Ecrit par Patrick Devaux 11.10.18 dans La Une Livres, Les Livres, Critiques, Poésie

Verveine et Venin, éditions Le Coudrier, juin 2018, 71 pages, 18 €

Ecrivain(s): Annie Perec Moser

Verveine et Venin, Annie Perec Moser (par Patrick Devaux)

 

Annie transcende le désir de la chose à portée de main en lui offrant des confrontations d’idées sublimes dans les images ; ainsi l’orange convoitée est mise en parallèle avec le soleil : « Oui, toutes les pensées de la petite malade se résumaient à ce désir d’orange, sève de vie, acidulée, bienfaisante, qui devrait l’éloigner de loin, très loin du soleil cognant et meurtrissant sa chair ».

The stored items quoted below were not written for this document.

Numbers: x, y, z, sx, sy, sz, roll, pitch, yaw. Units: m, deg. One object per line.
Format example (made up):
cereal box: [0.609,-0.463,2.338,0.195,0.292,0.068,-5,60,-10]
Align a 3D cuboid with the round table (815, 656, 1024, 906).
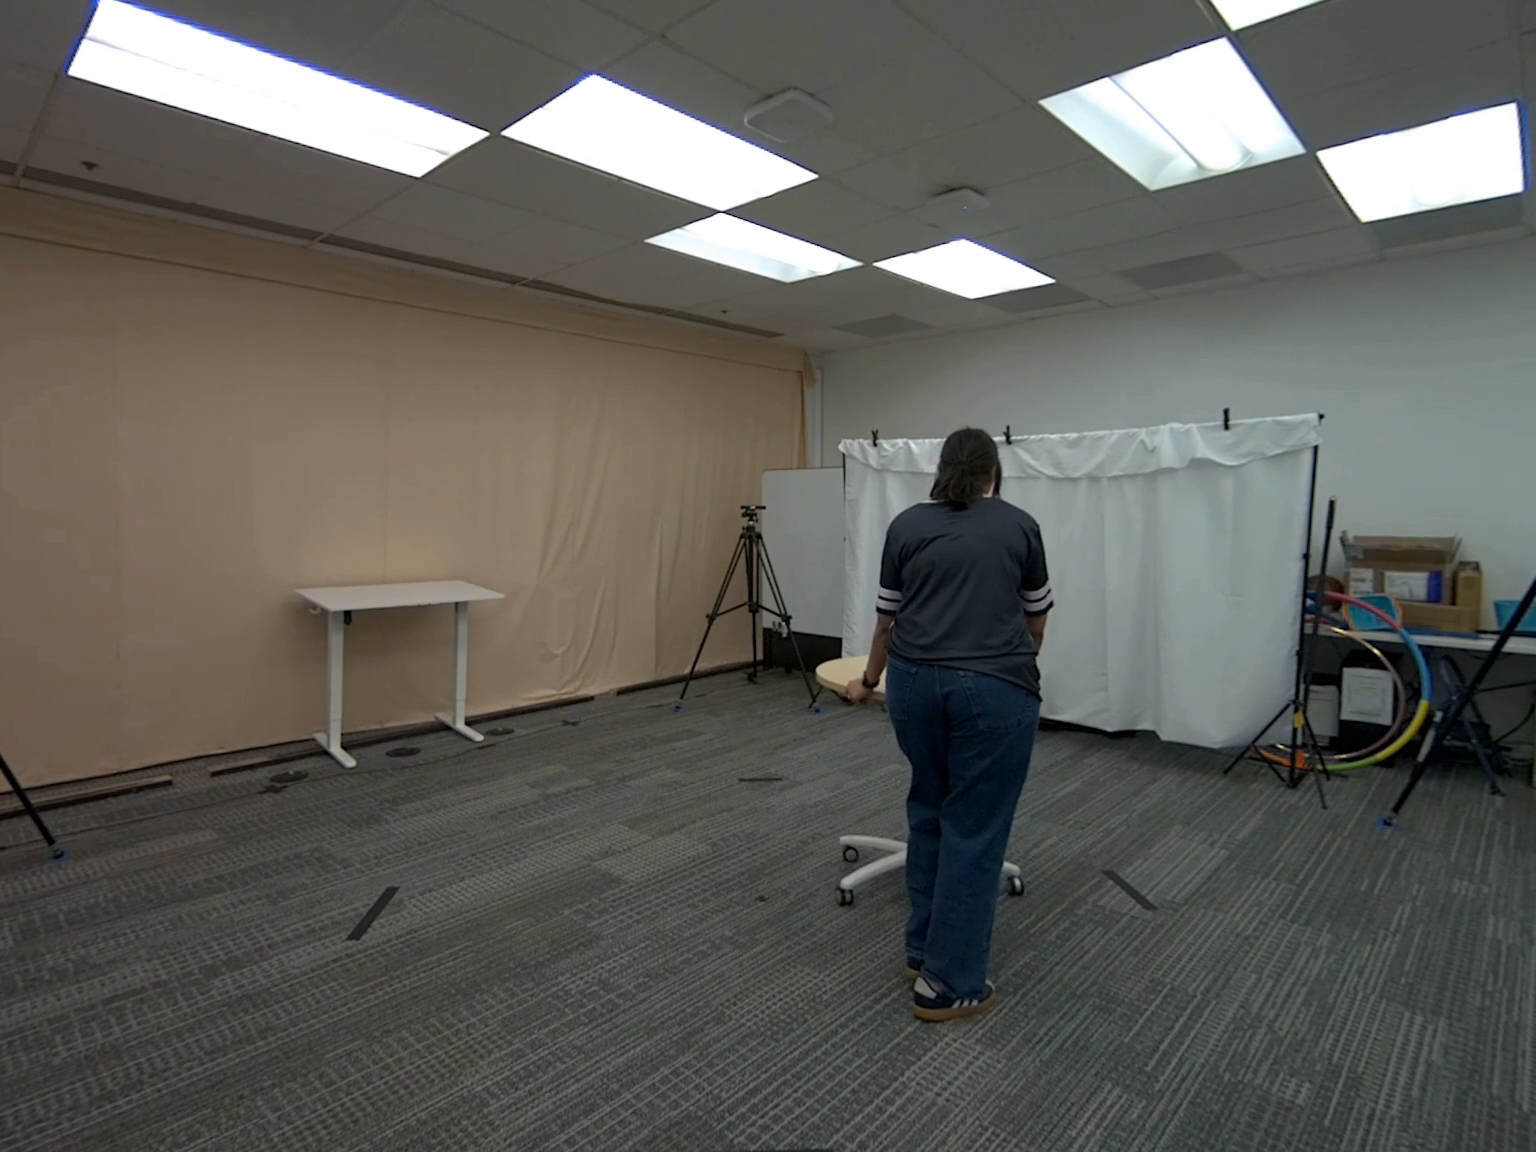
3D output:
round table: [0.546,0.741,3.056,0.784,0.785,0.788,1,4,-2]

En effet, l’auteur se sert de l’exotisme des mots pour « parer de volupté » le décor du voyage ressenti plutôt que de se contenter du voyage « organisé ».

Fausse ingénue de la réalité, ses messages sont ainsi encore plus forts.

Etonnante par son approche de la poésie « à la Prévert » dans le ton, l’auteur effleure les grands classiques de la force d’un Apollinaire :

« En vous respirant, je vous cerne

D’un cerne bleu comme vos yeux

Lorsque vous regardez la Seine

A l’heure où vont boire les dieux ».

Bouquet d’émotions. Frissons garantis.

Jouisseuse de mots, Annie Perec Moser sait caresser le temps qui passe, compatir à la grandeur d’une mort d’insecte.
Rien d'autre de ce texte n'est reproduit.